Gegen dieses Urteil richtet sich die Berufung der Beklagten aus den Berufungsgründen der unrichtigen Tatsachenfeststellung aufgrund unrichtiger Beweiswürdigung und der unrichtigen rechtlichen Beurteilung mit dem Antrag, das angefochtene Urteil im Sinne einer Klagsabweisung abzuändern; hilfsweise stellt sie einen Aufhebungsantrag.
Die Klägerin beantragt in ihrer Berufungsbeantwortung , der Berufung nicht Folge zu geben.
Rechtliche Beurteilung
Die Berufung, über die gemäß § 480 Abs 1 ZPO in Verbindung mit § 2 Abs 1 ASGG in nicht-öffentlicher Sitzung entschieden werden konnte, ist nicht berechtigt.
1. Zum Berufungsgrund der unrichtigen Tatsachenfeststellung aufgrund unrichtiger Beweiswürdigung:
1.1. Die Berufungswerberin bekämpft die eingangs unter (1a) und (1b) in Kursivschrift wiedergegebenen Feststellungen und begehrt als Ersatzfeststellungen:
„Zwischen den Parteien war vereinbart, dass die Klägerin ihren Lohn täglich in bar erhalten sollte.
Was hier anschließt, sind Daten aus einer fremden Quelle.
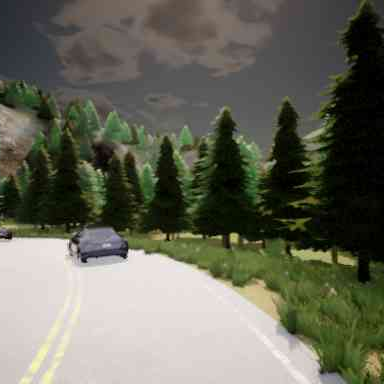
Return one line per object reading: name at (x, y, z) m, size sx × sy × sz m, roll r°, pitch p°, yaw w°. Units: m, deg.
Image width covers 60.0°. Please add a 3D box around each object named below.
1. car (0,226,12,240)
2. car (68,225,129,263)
car at (-17.025, 3.504, 28.055) m, size 4.181 × 1.385 × 1.994 m, roll -5°, pitch -2°, yaw 35°
car at (-4.302, 2.212, 14.954) m, size 1.994 × 1.385 × 4.181 m, roll -1°, pitch -3°, yaw -28°
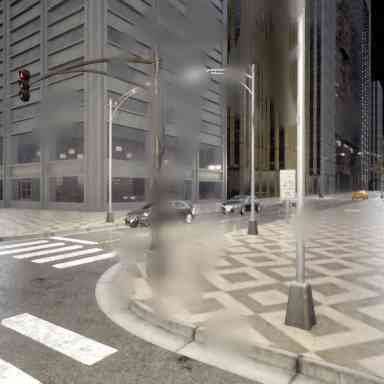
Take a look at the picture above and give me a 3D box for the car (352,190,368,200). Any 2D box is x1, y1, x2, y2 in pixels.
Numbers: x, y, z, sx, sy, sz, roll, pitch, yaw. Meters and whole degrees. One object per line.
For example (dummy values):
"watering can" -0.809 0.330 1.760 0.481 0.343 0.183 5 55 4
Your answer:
"car" 27.859 0.468 55.071 1.882 1.535 5.008 0 1 36

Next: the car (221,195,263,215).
"car" 4.166 1.037 27.363 2.128 1.511 4.902 0 1 35

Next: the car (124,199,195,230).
"car" -1.716 1.220 19.116 1.837 1.490 4.892 0 1 35

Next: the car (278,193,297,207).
"car" 11.299 0.873 37.332 1.812 1.442 4.674 0 1 36
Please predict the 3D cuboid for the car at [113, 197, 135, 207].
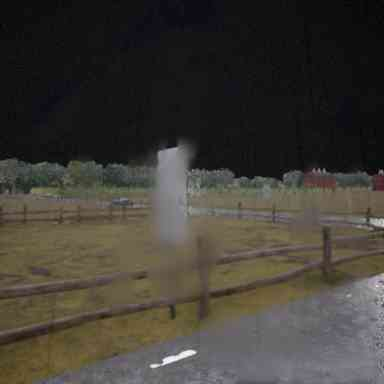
[{"bbox_3d":[-11.400,1.624,55.167,2.033,1.411,5.357,-2,1,-35],"label":"car"}]
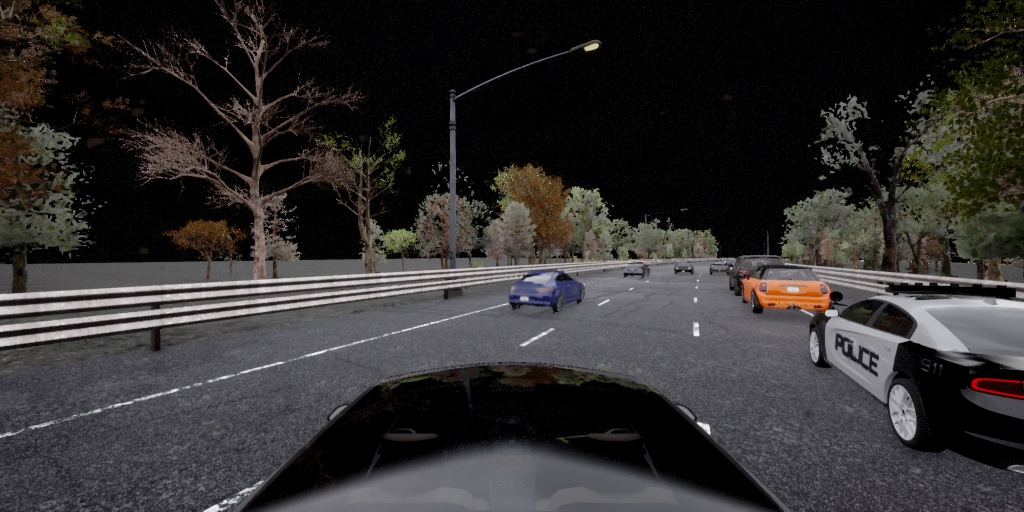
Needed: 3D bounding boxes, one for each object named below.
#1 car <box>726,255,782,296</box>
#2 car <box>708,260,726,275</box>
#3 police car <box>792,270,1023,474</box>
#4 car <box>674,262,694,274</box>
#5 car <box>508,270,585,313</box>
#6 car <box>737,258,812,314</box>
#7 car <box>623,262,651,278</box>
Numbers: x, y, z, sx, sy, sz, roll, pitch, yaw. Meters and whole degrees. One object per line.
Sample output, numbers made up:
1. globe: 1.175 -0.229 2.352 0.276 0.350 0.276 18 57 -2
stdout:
1. car: 12.774 0.978 18.758 2.150 2.045 5.566 0 0 28
2. car: 22.696 1.262 39.216 2.128 1.511 4.902 0 0 30
3. police car: 5.640 1.175 4.751 1.930 1.638 5.238 0 0 26
4. car: 19.542 1.370 40.579 1.895 1.301 4.718 0 0 29
5. car: 1.464 1.276 14.107 1.812 1.442 4.674 0 0 27
6. car: 10.025 1.102 13.443 2.097 1.767 4.553 0 0 27
7. car: 11.883 1.308 33.956 2.033 1.411 5.357 0 0 29
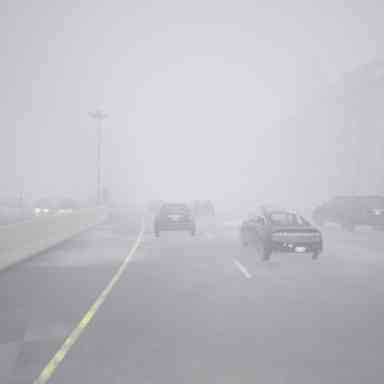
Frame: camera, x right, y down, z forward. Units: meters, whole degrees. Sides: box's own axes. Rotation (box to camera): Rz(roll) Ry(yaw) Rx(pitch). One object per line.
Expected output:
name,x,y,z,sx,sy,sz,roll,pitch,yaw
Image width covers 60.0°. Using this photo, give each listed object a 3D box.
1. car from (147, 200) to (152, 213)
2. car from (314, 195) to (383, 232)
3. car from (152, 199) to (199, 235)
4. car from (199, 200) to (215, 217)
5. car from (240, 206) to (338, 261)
car,-4.008,1.531,37.587,2.033,1.411,5.357,0,0,-12
car,9.404,1.185,20.019,2.150,2.045,5.566,0,0,-6
car,-1.049,1.341,18.757,2.097,1.767,4.553,0,0,-6
car,0.809,1.468,30.848,2.128,1.511,4.902,0,0,-10
car,3.052,1.476,12.241,2.128,1.511,4.902,0,0,-4
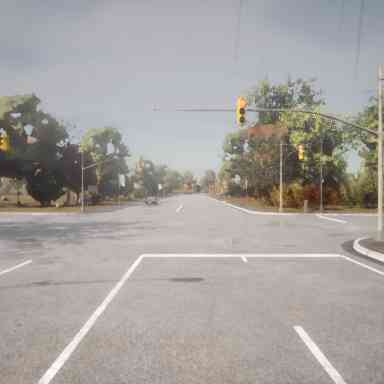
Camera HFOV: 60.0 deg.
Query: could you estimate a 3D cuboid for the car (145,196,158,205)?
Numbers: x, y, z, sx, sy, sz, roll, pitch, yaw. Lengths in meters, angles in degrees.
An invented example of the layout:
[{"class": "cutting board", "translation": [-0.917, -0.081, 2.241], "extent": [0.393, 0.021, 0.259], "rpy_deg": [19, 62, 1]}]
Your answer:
[{"class": "car", "translation": [-7.000, 1.499, 57.442], "extent": [1.812, 1.442, 4.674], "rpy_deg": [0, 0, 0]}]
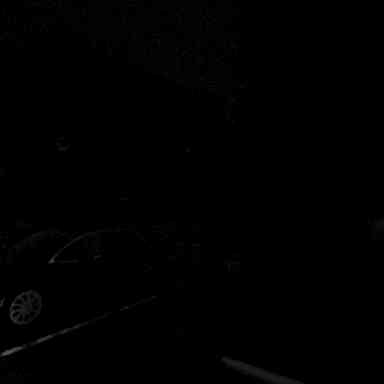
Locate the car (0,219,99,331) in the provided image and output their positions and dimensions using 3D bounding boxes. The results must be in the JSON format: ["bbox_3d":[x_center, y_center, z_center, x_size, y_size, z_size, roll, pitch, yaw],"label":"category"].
[{"bbox_3d":[-2.528,1.454,7.080,2.231,1.521,4.892,0,0,35],"label":"car"}]

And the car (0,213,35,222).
[{"bbox_3d":[-4.798,1.310,8.653,2.185,1.767,4.553,0,0,35],"label":"car"}]

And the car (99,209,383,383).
[{"bbox_3d":[1.974,1.226,3.896,2.435,2.045,5.566,0,0,35],"label":"car"}]
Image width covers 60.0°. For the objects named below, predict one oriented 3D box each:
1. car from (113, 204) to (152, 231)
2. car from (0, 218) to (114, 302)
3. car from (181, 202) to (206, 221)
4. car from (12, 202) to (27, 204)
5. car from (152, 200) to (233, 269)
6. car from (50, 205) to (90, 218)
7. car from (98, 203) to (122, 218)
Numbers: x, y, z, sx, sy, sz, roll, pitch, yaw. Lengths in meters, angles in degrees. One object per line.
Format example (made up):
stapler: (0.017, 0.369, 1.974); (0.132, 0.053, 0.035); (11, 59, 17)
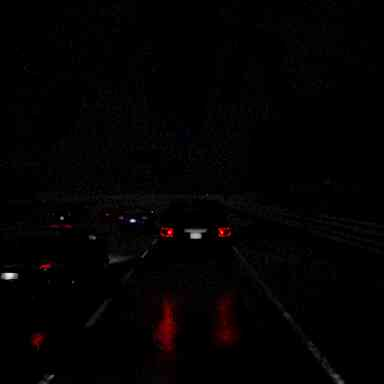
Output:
car: (-3.502, 1.704, 21.657); (1.994, 1.385, 4.181); (0, -1, 0)
car: (-3.501, 1.595, 8.406); (1.994, 1.385, 4.181); (0, 0, 0)
car: (0.097, 1.734, 30.999); (2.128, 1.511, 4.902); (0, -1, 0)
car: (-24.524, 2.019, 47.024); (1.895, 1.301, 4.718); (0, -1, 1)
car: (0.099, 1.272, 11.507); (2.150, 2.045, 5.566); (0, 0, 0)
car: (-10.403, 1.820, 28.842); (1.895, 1.301, 4.718); (0, -1, 0)
car: (-6.903, 1.705, 29.661); (1.882, 1.535, 5.008); (0, -1, 0)
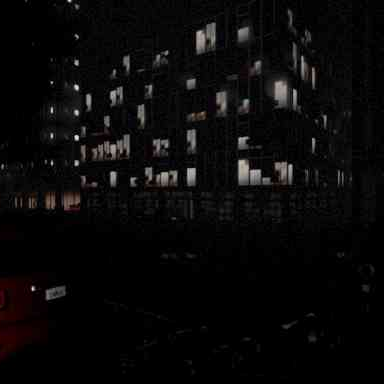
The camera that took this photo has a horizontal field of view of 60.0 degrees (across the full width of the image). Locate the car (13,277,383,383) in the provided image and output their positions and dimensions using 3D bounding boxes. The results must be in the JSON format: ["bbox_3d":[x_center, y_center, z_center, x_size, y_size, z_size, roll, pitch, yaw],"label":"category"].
[{"bbox_3d":[0.890,1.566,2.243,4.313,1.339,1.947,0,0,36],"label":"car"}]

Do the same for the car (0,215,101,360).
[{"bbox_3d":[-3.606,1.313,5.452,5.009,1.841,2.192,0,0,36],"label":"car"}]
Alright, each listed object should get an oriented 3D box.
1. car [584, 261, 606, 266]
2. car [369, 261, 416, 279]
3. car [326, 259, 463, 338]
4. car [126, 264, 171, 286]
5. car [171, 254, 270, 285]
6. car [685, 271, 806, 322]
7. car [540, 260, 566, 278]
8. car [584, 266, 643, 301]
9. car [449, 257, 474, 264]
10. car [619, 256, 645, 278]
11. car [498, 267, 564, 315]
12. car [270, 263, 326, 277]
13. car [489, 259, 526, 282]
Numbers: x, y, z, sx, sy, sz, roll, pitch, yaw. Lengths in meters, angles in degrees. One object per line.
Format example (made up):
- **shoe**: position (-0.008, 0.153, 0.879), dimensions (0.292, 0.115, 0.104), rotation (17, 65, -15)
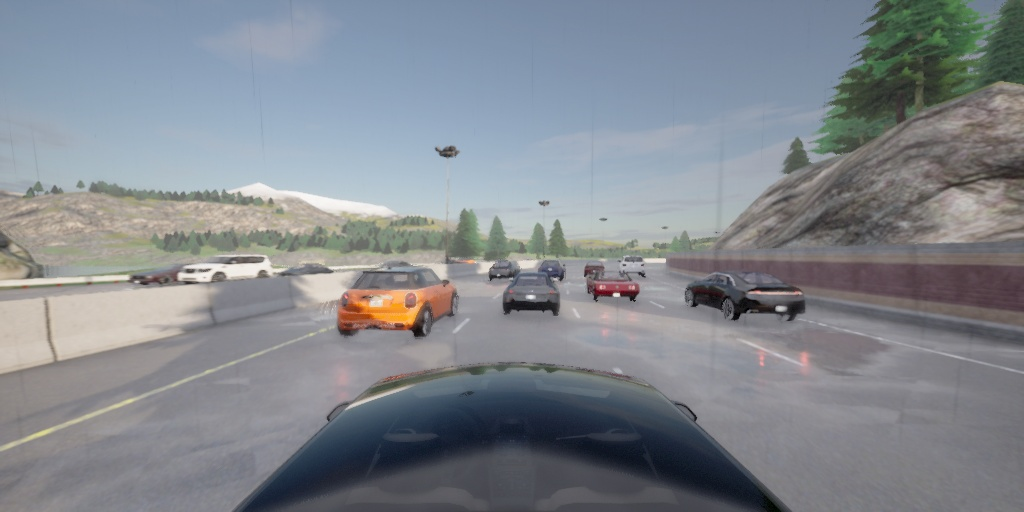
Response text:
- **car**: position (8.088, 1.217, 34.982), dimensions (1.882, 1.535, 5.008), rotation (0, 0, 14)
- **car**: position (-10.675, 1.192, 32.433), dimensions (1.837, 1.490, 4.892), rotation (0, 0, 12)
- **car**: position (-2.980, 1.084, 10.355), dimensions (2.097, 1.767, 4.553), rotation (0, 0, 4)
- **car**: position (-22.751, 1.206, 24.755), dimensions (2.033, 1.411, 5.357), rotation (0, 0, 9)
- **car**: position (-19.226, 0.894, 24.505), dimensions (2.150, 2.045, 5.566), rotation (0, 0, 9)
- **car**: position (7.688, 1.253, 12.388), dimensions (2.128, 1.511, 4.902), rotation (0, 0, 5)
- **car**: position (3.486, 1.082, 30.782), dimensions (2.097, 1.767, 4.553), rotation (0, 0, 12)
- **car**: position (4.662, 1.349, 17.274), dimensions (1.895, 1.301, 4.718), rotation (0, 0, 7)
- **car**: position (-8.440, 1.015, 62.759), dimensions (2.097, 1.767, 4.553), rotation (0, 0, 23)
- **car**: position (11.693, 0.972, 35.027), dimensions (2.150, 2.045, 5.566), rotation (0, 0, 15)
- **car**: position (0.793, 1.304, 13.676), dimensions (1.994, 1.385, 4.181), rotation (0, 0, 5)
- **car**: position (-15.306, 1.243, 26.756), dimensions (1.994, 1.385, 4.181), rotation (0, 0, 10)
- **car**: position (-0.515, 1.212, 28.743), dimensions (2.128, 1.511, 4.902), rotation (0, 0, 11)
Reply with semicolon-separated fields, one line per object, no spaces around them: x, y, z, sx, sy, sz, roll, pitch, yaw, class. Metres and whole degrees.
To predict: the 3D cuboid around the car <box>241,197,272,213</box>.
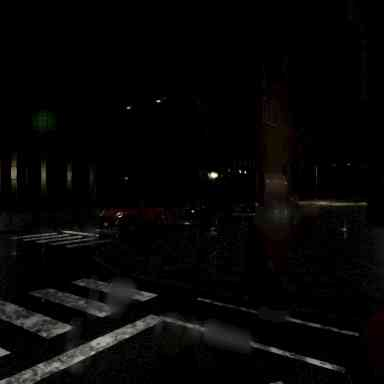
7.390;1.399;37.716;2.097;1.767;4.553;0;0;36;car

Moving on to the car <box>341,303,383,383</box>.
3.534;1.221;1.168;5.566;2.045;2.150;0;0;36;car

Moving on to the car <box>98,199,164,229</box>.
-3.920;1.376;21.976;2.097;1.767;4.553;0;0;35;car

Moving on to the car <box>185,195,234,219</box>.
1.686;1.257;29.801;2.150;2.045;5.566;0;0;36;car

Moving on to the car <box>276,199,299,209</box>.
13.124;1.624;45.650;1.994;1.385;4.181;0;0;36;car
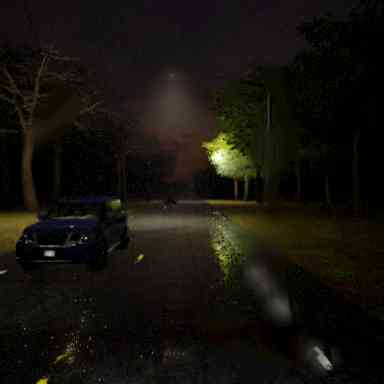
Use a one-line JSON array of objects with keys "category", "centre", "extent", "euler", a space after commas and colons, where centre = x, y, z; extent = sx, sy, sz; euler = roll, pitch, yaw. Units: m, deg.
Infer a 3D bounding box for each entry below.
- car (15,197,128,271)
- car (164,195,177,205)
[{"category": "car", "centre": [-3.600, 1.196, 11.173], "extent": [2.150, 2.045, 5.566], "euler": [0, 0, 0]}, {"category": "car", "centre": [-3.560, 1.362, 55.517], "extent": [1.837, 1.490, 4.892], "euler": [0, 0, 0]}]
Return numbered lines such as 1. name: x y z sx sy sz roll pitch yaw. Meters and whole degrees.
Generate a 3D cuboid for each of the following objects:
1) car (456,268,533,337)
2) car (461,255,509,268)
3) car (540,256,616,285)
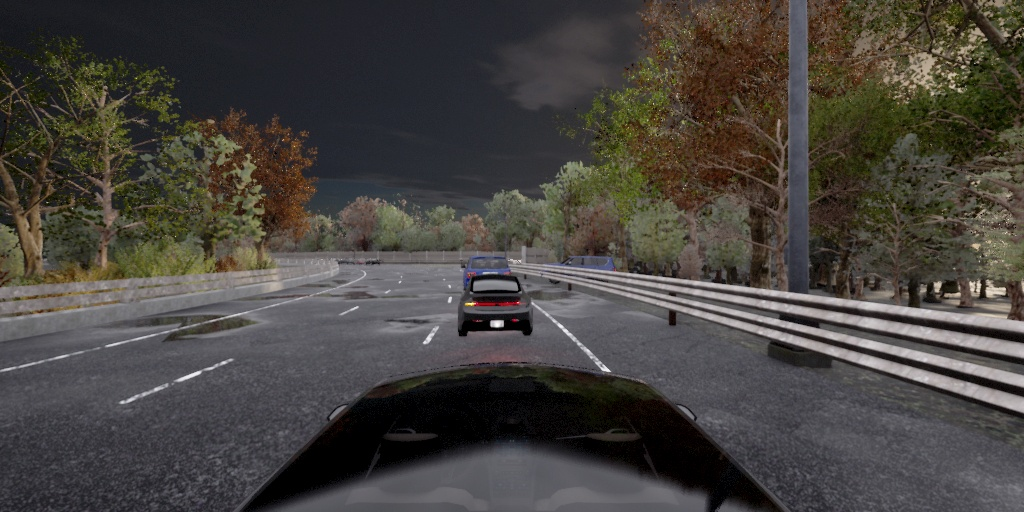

Die Klägerin war zunächst bei der Beklagten als Aushilfskellnerin beschäftigt. Die Beklagte (richtig Klägerin) hat in der Beilage./2 mit ihrer Unterschrift bestätigt, dass sie den Lohn bis 25.04.2023 täglich erhalten hatte und auch weiterhin täglich entlohnt werden wollte. Die Klägerin hat somit neben der Vorschussleistung in der Höhe von EUR 200,00 ihren Lohn bis zum 29. April 2024 täglich in bar ausbezahlt erhalten.“
Das Erstgericht stützt die bekämpften Feststellungen auf die Parteiaussage der Klägerin, die Aussage der Zeugen Q* R* und B* S* sowie die Beilagen./B und./3.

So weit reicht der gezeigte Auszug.